Photo: Anucha Sirivisansuwan / Getty Images

Even when walking through the supermarket, they catch your eye: the green stickers with the »CO2-neutral« seal.

There are now so many of them that the world should almost be saved.

Whether coffee, toothbrushes or poultry - all climate savers, one might think.

Of course that's not true - with any product.

The coffee is brought from Central America to Germany by ship, the meat is produced in CO2-intensive factory farming and the production of plastic toothbrushes also has a climate footprint.

The climate-neutral seal is a clever pick into the marketing box: The companies donate to climate protection projects in developing countries - allegedly in the amount that they emit CO₂ for their product.

In return, they receive CO2 credits.

The donation to eco-projects becomes a »climate neutral« product.

But there are several catches: At what price did the companies acquire their certificates?

Were you there to see the climate benefits of the projects?

Or do you only know the colorful pictures of the project operators?

Who checks whether CO₂ is actually being saved?

The 200 or so countries of the World Climate Agreement are currently asking themselves these questions: The UN wants to allow compensation under the umbrella of the Paris Agreement in the future.

Soon, not only companies but also states could improve their climate targets with the credits - or earn money from them when they sell them.

The UN climate commissioner and former head of the Bank of England, Mark Carney, has now set up a "task force" together with companies from the financial sector to give new impetus to global carbon trading.

His goal: to expand today's 300 million dollar market to up to 100 billion.

In just ten years, the trade in greenhouse gas credits could increase to a volume of 50 billion dollars per year, estimates the management consultancy McKinsey in a recent report.

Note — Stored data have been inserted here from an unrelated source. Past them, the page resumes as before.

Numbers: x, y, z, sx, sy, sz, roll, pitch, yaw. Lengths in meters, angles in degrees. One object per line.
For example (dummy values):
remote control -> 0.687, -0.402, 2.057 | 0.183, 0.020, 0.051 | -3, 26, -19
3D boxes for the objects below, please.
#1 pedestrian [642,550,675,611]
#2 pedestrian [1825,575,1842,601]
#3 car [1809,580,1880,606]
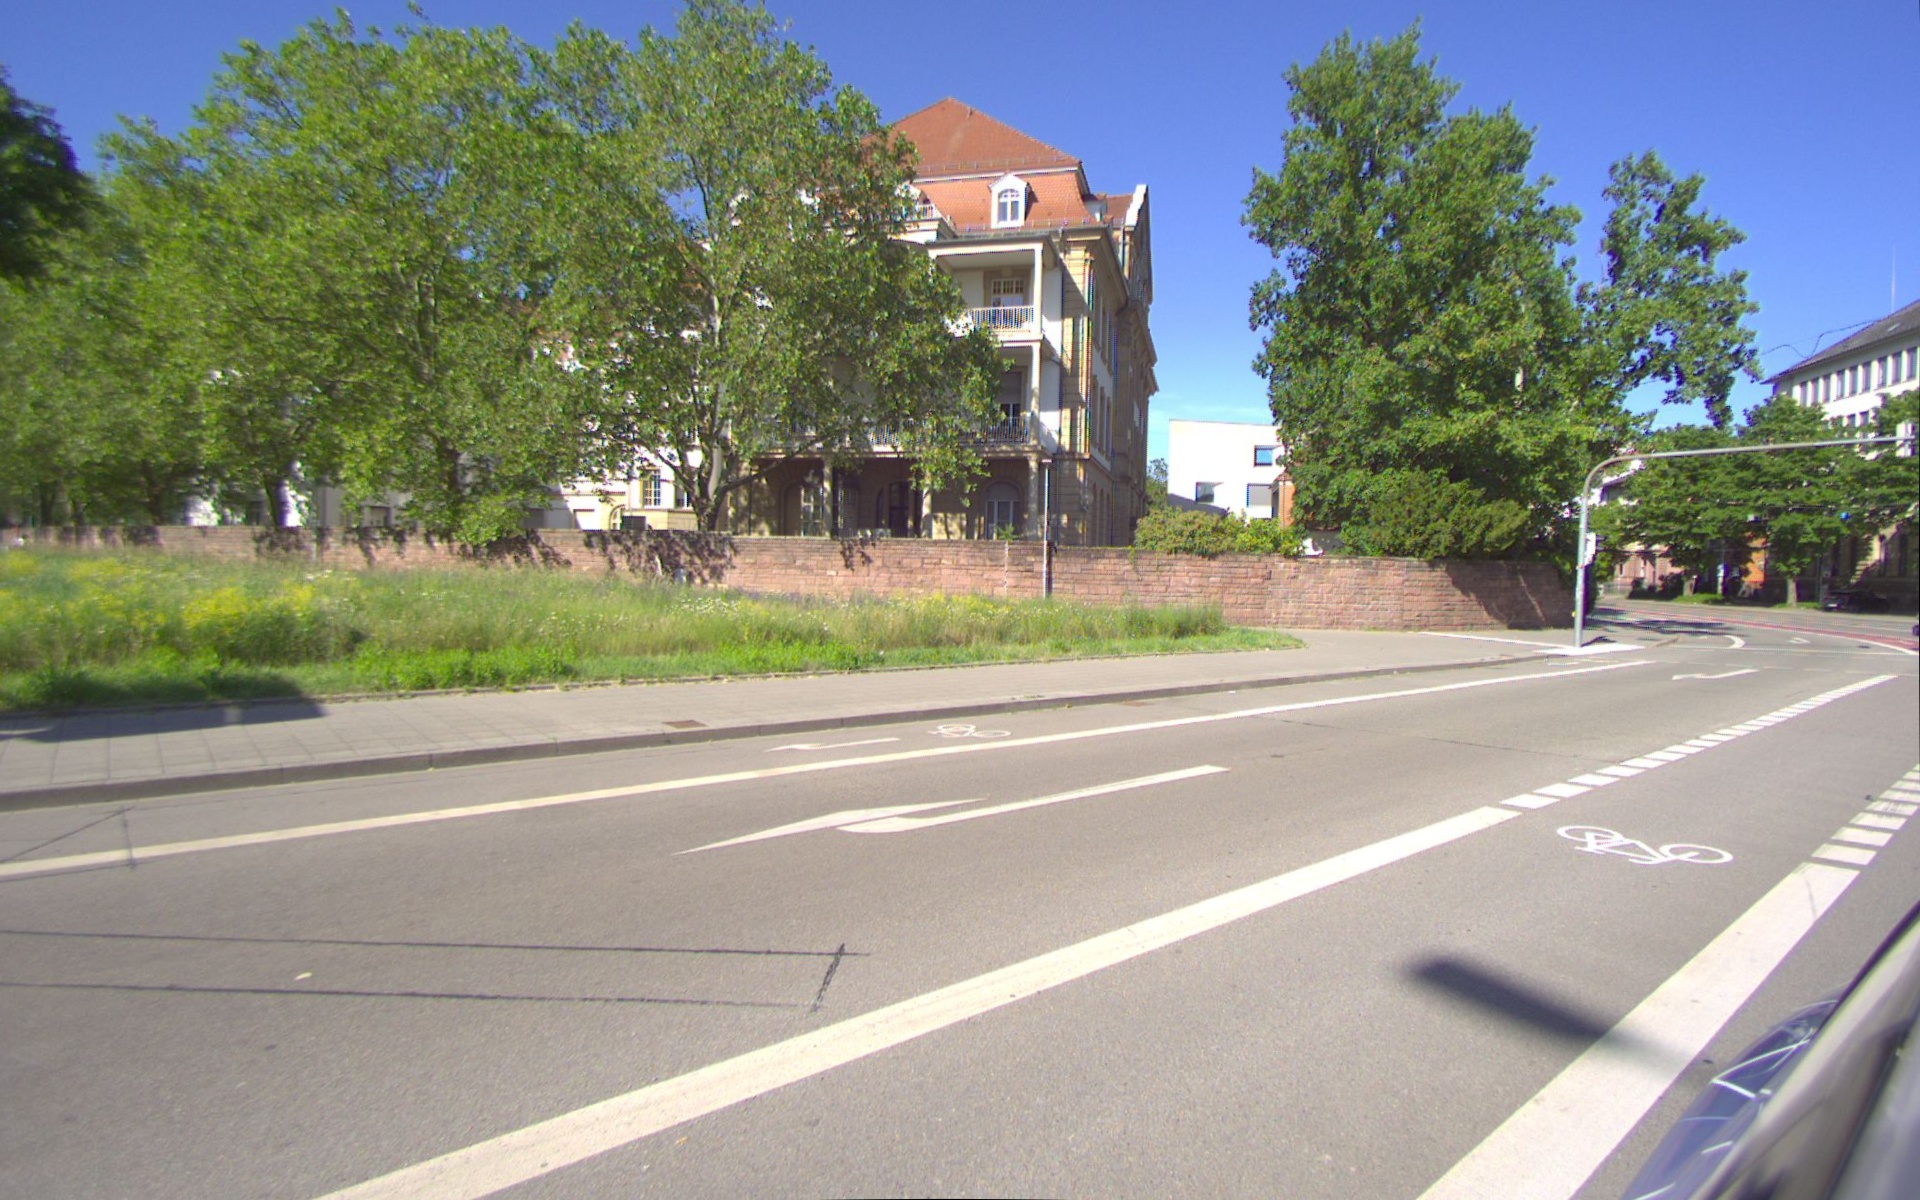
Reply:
pedestrian -> -9.509, -0.619, 31.955 | 0.777, 1.881, 0.627 | 2, 1, 18
pedestrian -> 64.641, -0.911, 74.873 | 0.568, 1.927, 0.781 | 1, 1, 12
car -> 60.406, -0.521, 69.201 | 1.806, 1.615, 3.988 | 2, 2, 11

With a few euros you can "wash yourself green"

The reason: A total of 127 countries have already announced that they will no longer emit greenhouse gases by the middle of the century, including major emitters such as the USA, China and the EU.

They too want to attach the sticker "climate neutral" to their lapels, as do corporations, companies or airlines.

They all promise to reduce their emissions to zero in the next 30 to 40 years.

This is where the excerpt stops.